» What this task involves: Your reply must hold the lines from the one containing "Reply in this" to the end of the entries, copied exactly, with pictures excluded.

» Dataset excerpts:

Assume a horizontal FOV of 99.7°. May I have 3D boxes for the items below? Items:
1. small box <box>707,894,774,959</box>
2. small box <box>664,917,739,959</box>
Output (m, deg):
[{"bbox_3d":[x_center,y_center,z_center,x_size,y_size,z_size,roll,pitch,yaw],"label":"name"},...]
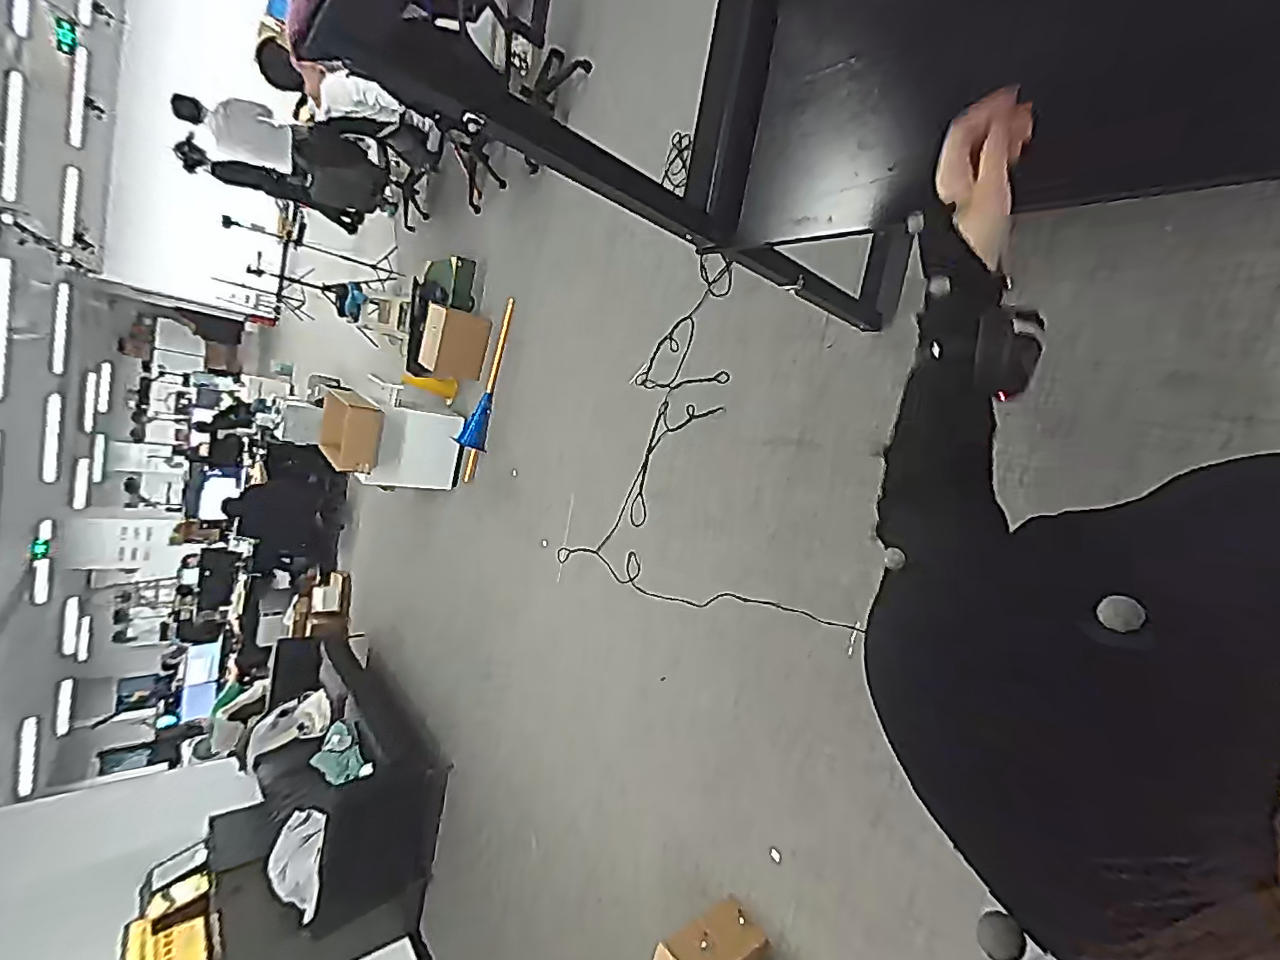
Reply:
[{"bbox_3d":[0.306,1.505,1.746,0.168,0.176,0.179,27,106,46],"label":"small box"},{"bbox_3d":[0.181,1.497,1.638,0.168,0.176,0.179,25,105,46],"label":"small box"}]
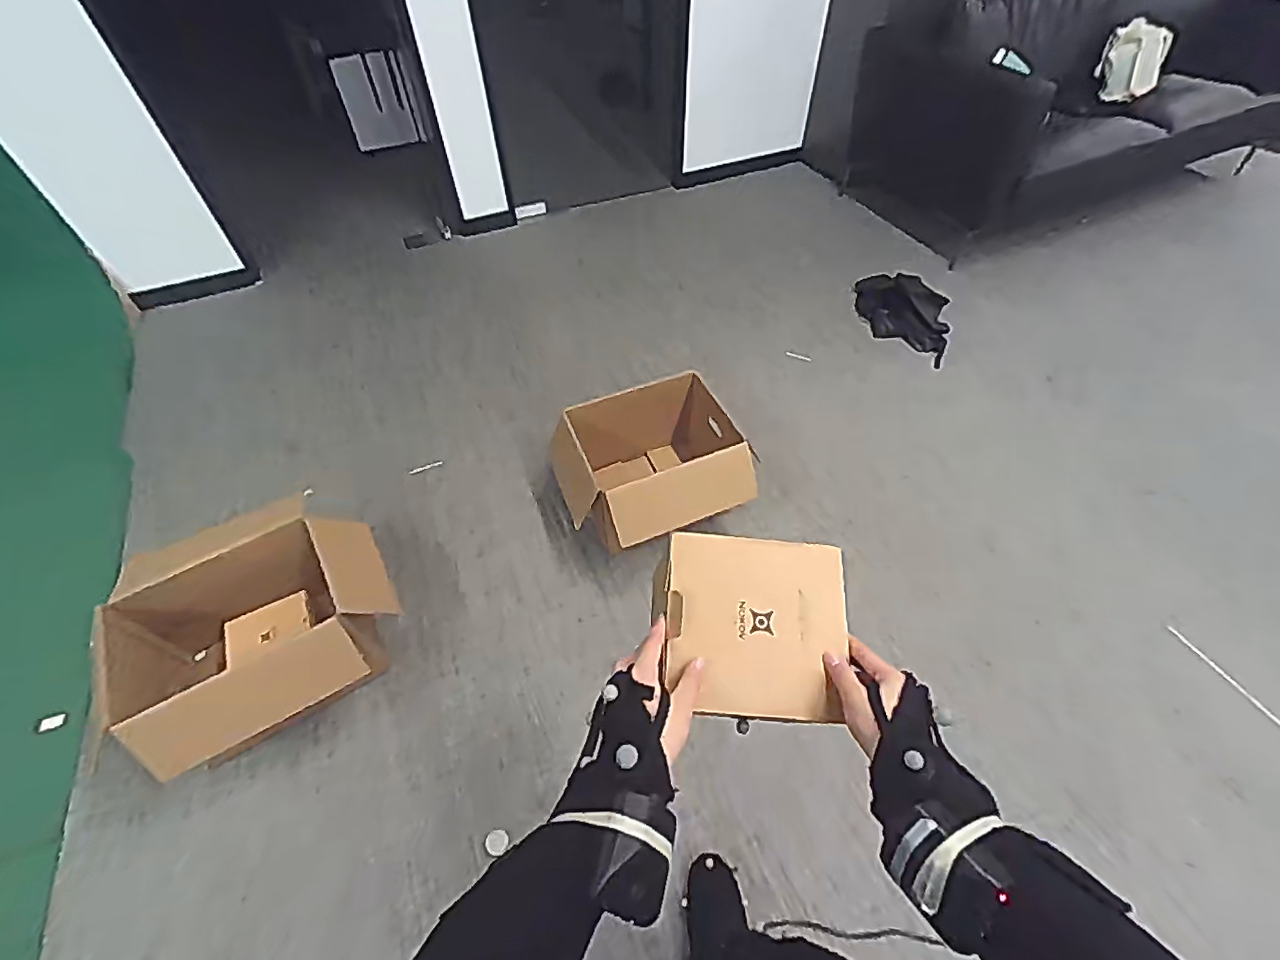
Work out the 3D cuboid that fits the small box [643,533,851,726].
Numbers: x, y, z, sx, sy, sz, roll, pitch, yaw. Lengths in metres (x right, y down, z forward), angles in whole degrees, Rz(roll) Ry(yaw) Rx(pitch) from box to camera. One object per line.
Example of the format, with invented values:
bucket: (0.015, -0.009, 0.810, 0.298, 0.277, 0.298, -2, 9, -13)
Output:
small box: (0.100, 0.166, 0.577, 0.179, 0.176, 0.168, 6, 66, -4)
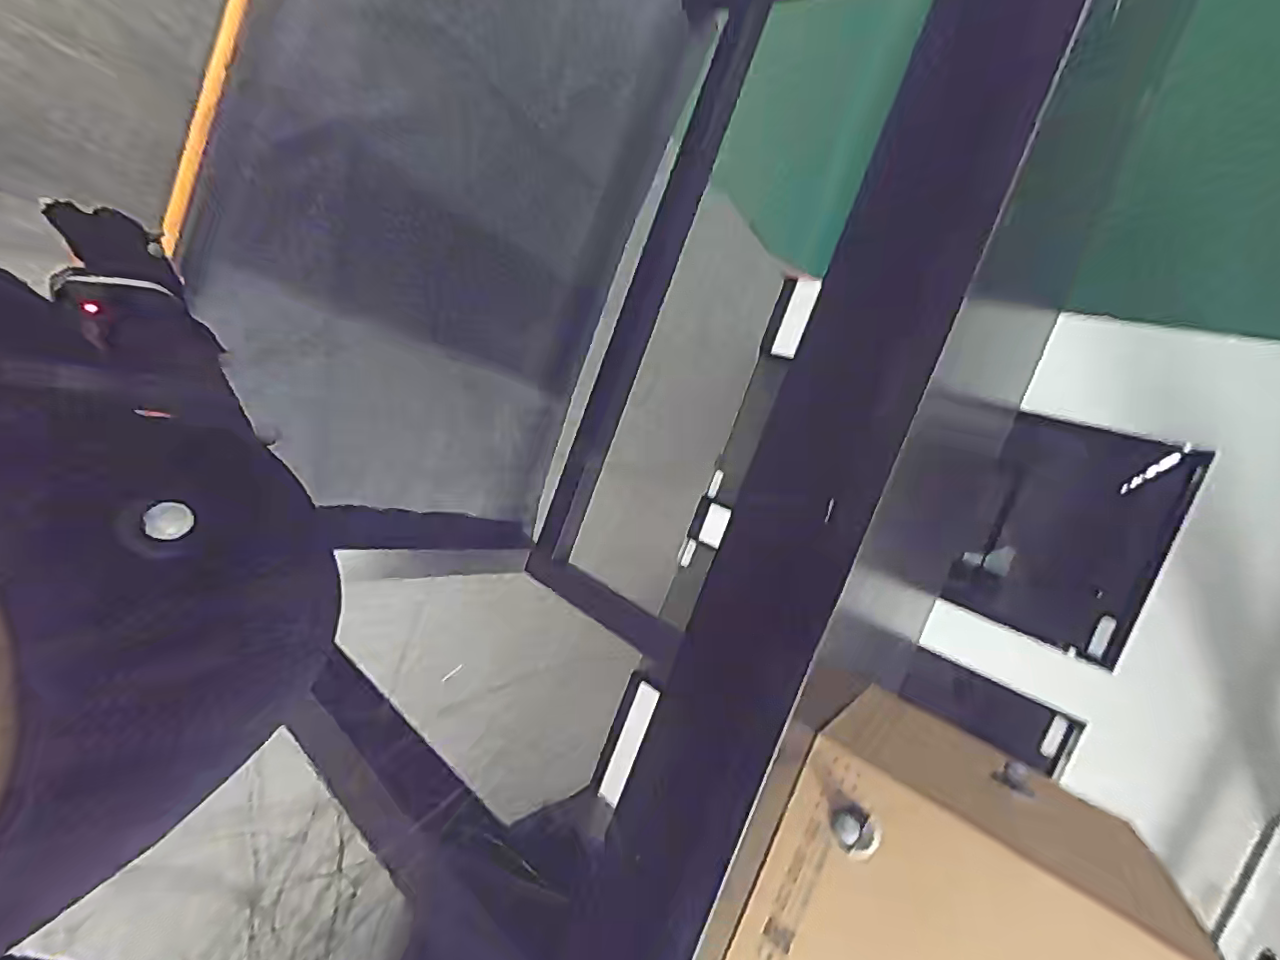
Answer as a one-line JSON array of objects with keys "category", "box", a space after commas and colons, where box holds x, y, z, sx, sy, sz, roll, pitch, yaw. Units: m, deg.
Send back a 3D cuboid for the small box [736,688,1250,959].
[{"category": "small box", "box": [0.175, 0.244, 0.310, 0.179, 0.176, 0.168, 19, 93, -58]}]
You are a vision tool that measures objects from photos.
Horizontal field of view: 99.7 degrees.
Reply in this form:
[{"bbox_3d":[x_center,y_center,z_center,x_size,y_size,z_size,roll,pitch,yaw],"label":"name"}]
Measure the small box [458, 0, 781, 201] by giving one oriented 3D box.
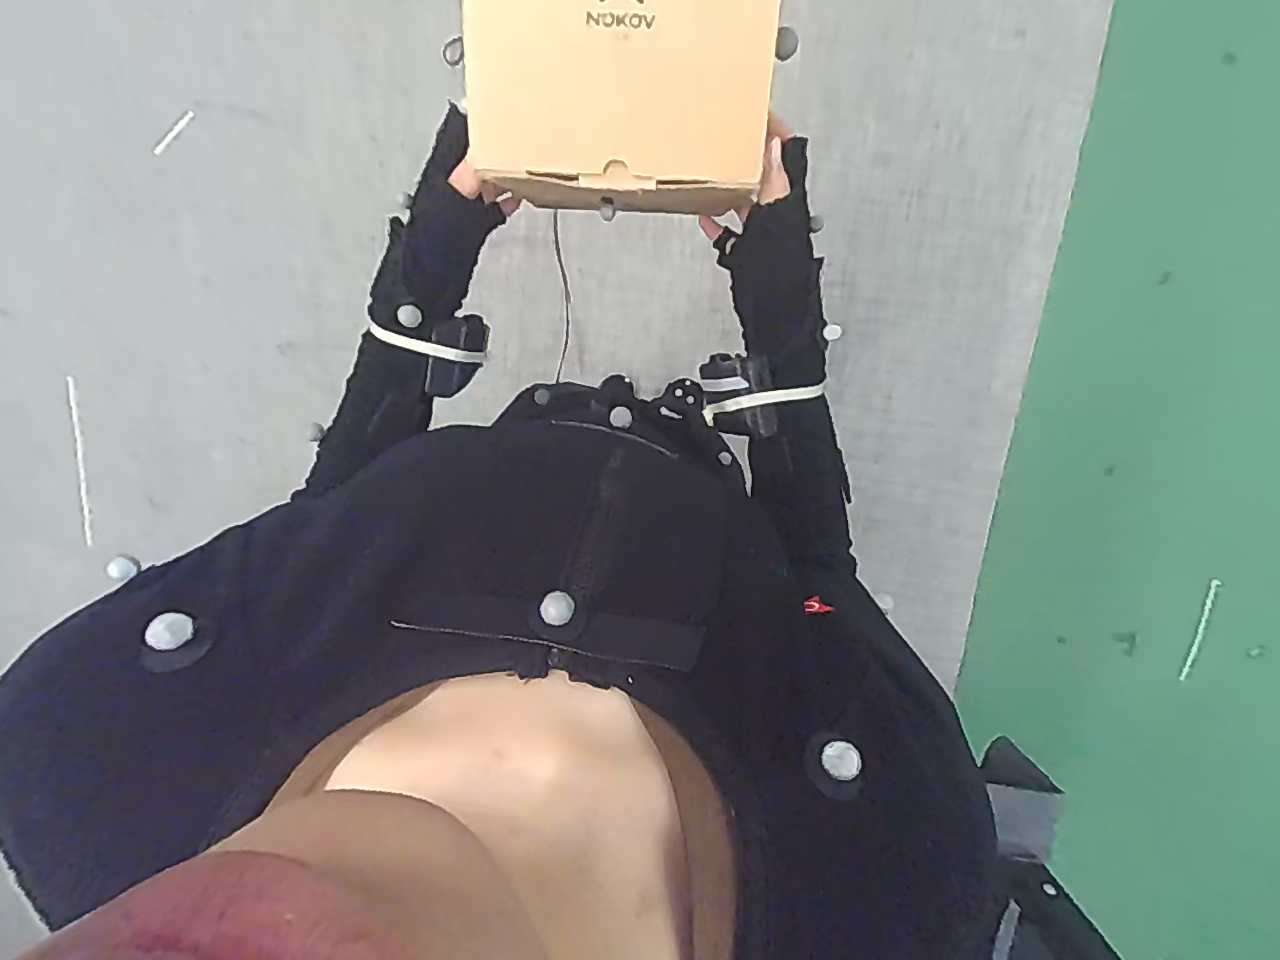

» Answer for this exercise:
Reply in this form:
[{"bbox_3d":[x_center,y_center,z_center,x_size,y_size,z_size,roll,pitch,yaw],"label":"name"}]
Measure the small box [458, 0, 781, 201] by giving one oriented 3D box.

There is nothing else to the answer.